◆ **Assignment**
Which lines run from the line with "Each item in this list needs a 3D box." through the line with "7. board game box (400,194,560,391)" in the entries below? Print them exactly, both ends included, and nothing more.

◆ **Data shown**
__________

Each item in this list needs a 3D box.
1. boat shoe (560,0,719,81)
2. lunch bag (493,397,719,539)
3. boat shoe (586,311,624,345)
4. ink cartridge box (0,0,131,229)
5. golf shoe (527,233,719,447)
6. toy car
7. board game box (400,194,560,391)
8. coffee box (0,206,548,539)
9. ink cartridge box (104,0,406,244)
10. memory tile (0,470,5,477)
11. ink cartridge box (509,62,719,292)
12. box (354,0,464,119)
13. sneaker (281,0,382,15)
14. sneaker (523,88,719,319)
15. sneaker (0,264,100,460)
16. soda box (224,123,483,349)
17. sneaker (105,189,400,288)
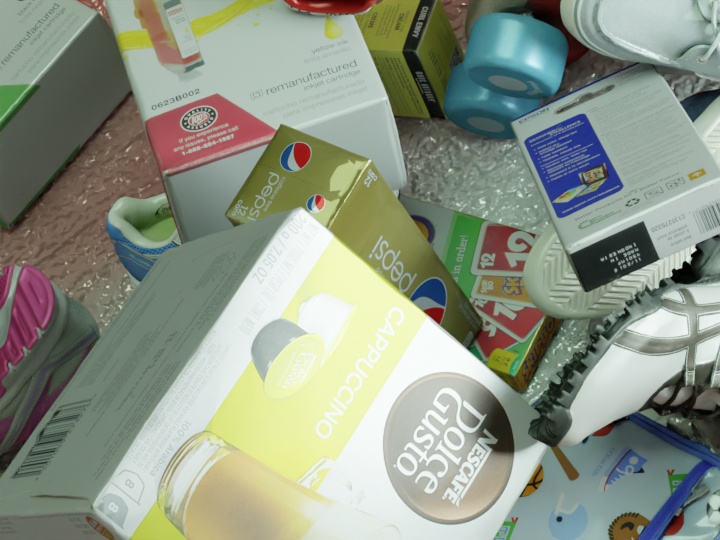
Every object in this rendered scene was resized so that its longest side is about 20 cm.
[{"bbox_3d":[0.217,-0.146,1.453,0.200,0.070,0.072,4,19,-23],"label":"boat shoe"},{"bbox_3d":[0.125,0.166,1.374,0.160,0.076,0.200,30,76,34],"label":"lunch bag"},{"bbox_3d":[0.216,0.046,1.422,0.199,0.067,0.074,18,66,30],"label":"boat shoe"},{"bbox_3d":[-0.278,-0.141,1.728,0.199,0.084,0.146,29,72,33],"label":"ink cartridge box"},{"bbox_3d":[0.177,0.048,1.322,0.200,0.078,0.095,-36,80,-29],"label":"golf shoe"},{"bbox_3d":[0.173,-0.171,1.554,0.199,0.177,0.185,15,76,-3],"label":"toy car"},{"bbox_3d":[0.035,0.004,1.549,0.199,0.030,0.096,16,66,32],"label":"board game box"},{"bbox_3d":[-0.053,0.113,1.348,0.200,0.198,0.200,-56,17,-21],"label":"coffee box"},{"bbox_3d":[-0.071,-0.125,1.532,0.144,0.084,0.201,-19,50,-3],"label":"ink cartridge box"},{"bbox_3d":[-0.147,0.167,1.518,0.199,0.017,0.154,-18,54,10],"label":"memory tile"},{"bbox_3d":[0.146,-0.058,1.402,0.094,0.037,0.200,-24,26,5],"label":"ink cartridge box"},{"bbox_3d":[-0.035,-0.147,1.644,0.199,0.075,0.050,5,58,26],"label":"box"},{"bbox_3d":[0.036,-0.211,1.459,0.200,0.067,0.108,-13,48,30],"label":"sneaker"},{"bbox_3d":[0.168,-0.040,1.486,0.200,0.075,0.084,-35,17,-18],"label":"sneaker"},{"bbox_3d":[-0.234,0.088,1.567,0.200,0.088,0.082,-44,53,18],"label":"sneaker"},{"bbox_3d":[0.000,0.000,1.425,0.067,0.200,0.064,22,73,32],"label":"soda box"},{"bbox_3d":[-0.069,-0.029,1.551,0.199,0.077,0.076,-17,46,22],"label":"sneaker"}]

__________

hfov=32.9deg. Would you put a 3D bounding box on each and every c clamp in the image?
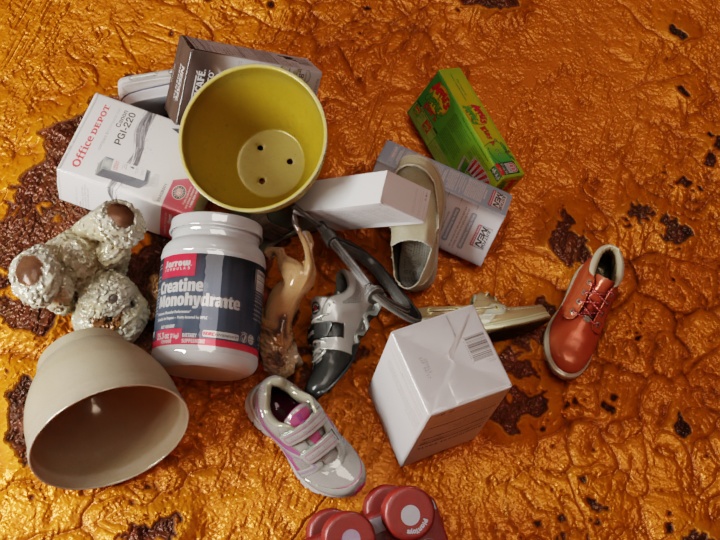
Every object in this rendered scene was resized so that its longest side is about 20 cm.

__________

◆ **Problem solution**
Each item in this list needs a 3D box.
1. boat shoe (560,0,719,81)
2. lunch bag (493,397,719,539)
3. boat shoe (586,311,624,345)
4. ink cartridge box (0,0,131,229)
5. golf shoe (527,233,719,447)
6. toy car
7. board game box (400,194,560,391)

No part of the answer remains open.